Records drawn from a dataset

BEGIN

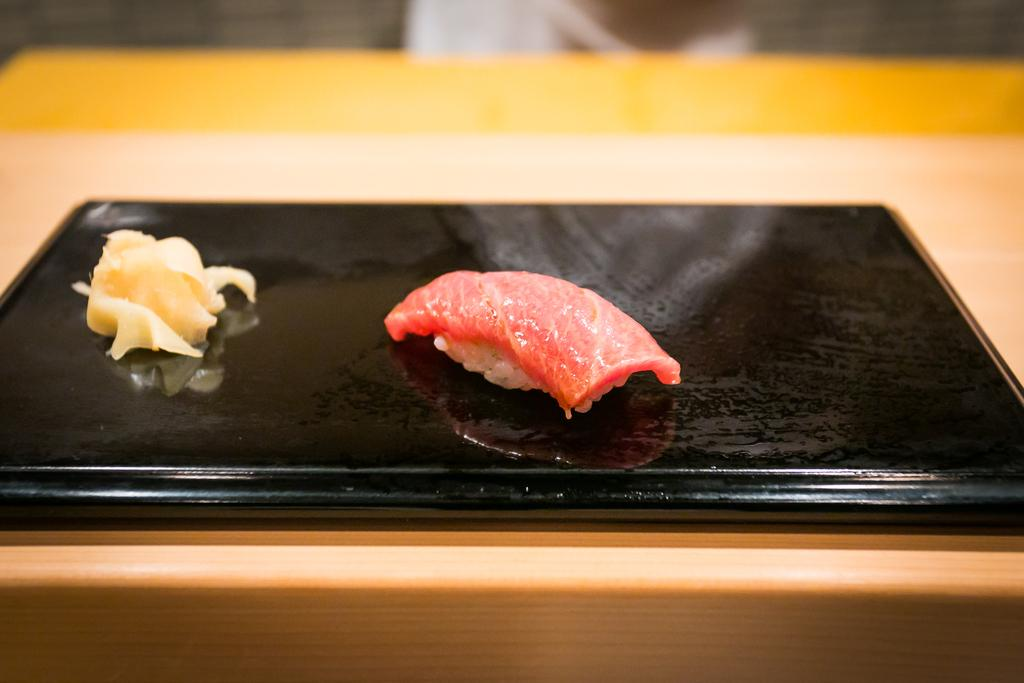What is the main object in the image? There is a menu card in the image. What is on the menu card? The menu card has flesh on it. Where is the menu card located? The menu card is on a table at the bottom of the image. What type of leather can be seen on the plane in the image? There is no plane present in the image, so there is no leather to observe. 
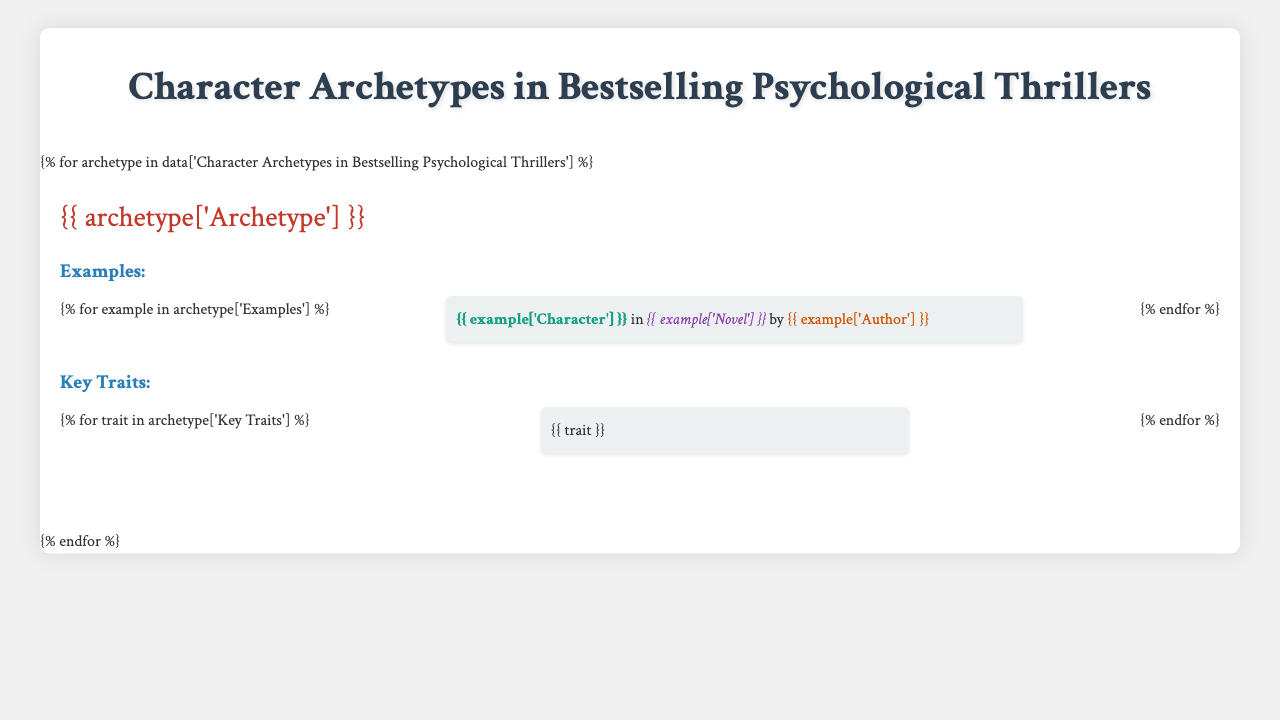What is the archetype represented by Amy Dunne? Amy Dunne is listed under the archetype "The Unreliable Narrator" in the table.
Answer: The Unreliable Narrator Which character exhibits traits of past trauma and an obsessive personality? The character Lisbeth Salander is noted as having both past trauma and an obsessive personality under "The Troubled Detective" archetype.
Answer: Lisbeth Salander How many examples are provided for "The Manipulative Villain"? "The Manipulative Villain" has two examples listed: Tom Ripley and Annie Wilkes. Thus, the total number of examples is two.
Answer: 2 Is Christine Lucas associated with "The Vulnerable Victim"? Yes, Christine Lucas is one of the examples under the "The Vulnerable Victim" archetype, indicating her association.
Answer: Yes Which archetype includes characters with hidden motives? The archetype that features characters with hidden motives is "The Ambiguous Friend."
Answer: The Ambiguous Friend What common trait do both characters in "The Unreliable Narrator" share? Both characters, Rachel Watson and Amy Dunne, share the common trait of having struggles with deceptive behavior.
Answer: Deceptive behavior List the key traits corresponding to "The Manipulative Villain." The key traits for "The Manipulative Villain" include charismatic, sociopathic tendencies, and master of deception.
Answer: Charismatic, sociopathic tendencies, master of deception What is the total number of character archetypes mentioned in the table? There are five archetypes listed in the table, including The Unreliable Narrator, The Troubled Detective, The Manipulative Villain, The Vulnerable Victim, and The Ambiguous Friend.
Answer: 5 Which archetype has a character that is also a target of manipulation? "The Vulnerable Victim" archetype contains characters like Megan Hipwell and Christine Lucas, both of whom are targets of manipulation.
Answer: The Vulnerable Victim Are there more characters in the "The Troubled Detective" archetype or the "The Unreliable Narrator"? Both archetypes have two characters each, so they are equal in numbers. Thus, neither has more characters than the other.
Answer: Equal

END

**What the task asks:**
What is needed is a word-for-word copy of the data, minus its pictures.

**Answer for the task:**
What is the main object in the image? There is a menu card in the image. What is on the menu card? The menu card has flesh on it. Where is the menu card located? The menu card is on a table at the bottom of the image. What type of leather can be seen on the plane in the image? There is no plane present in the image, so there is no leather to observe. 
What is the archetype represented by Amy Dunne? Amy Dunne is listed under the archetype "The Unreliable Narrator" in the table.
Answer: The Unreliable Narrator Which character exhibits traits of past trauma and an obsessive personality? The character Lisbeth Salander is noted as having both past trauma and an obsessive personality under "The Troubled Detective" archetype.
Answer: Lisbeth Salander How many examples are provided for "The Manipulative Villain"? "The Manipulative Villain" has two examples listed: Tom Ripley and Annie Wilkes. Thus, the total number of examples is two.
Answer: 2 Is Christine Lucas associated with "The Vulnerable Victim"? Yes, Christine Lucas is one of the examples under the "The Vulnerable Victim" archetype, indicating her association.
Answer: Yes Which archetype includes characters with hidden motives? The archetype that features characters with hidden motives is "The Ambiguous Friend."
Answer: The Ambiguous Friend What common trait do both characters in "The Unreliable Narrator" share? Both characters, Rachel Watson and Amy Dunne, share the common trait of having struggles with deceptive behavior.
Answer: Deceptive behavior List the key traits corresponding to "The Manipulative Villain." The key traits for "The Manipulative Villain" include charismatic, sociopathic tendencies, and master of deception.
Answer: Charismatic, sociopathic tendencies, master of deception What is the total number of character archetypes mentioned in the table? There are five archetypes listed in the table, including The Unreliable Narrator, The Troubled Detective, The Manipulative Villain, The Vulnerable Victim, and The Ambiguous Friend.
Answer: 5 Which archetype has a character that is also a target of manipulation? "The Vulnerable Victim" archetype contains characters like Megan Hipwell and Christine Lucas, both of whom are targets of manipulation.
Answer: The Vulnerable Victim Are there more characters in the "The Troubled Detective" archetype or the "The Unreliable Narrator"? Both archetypes have two characters each, so they are equal in numbers. Thus, neither has more characters than the other.
Answer: Equal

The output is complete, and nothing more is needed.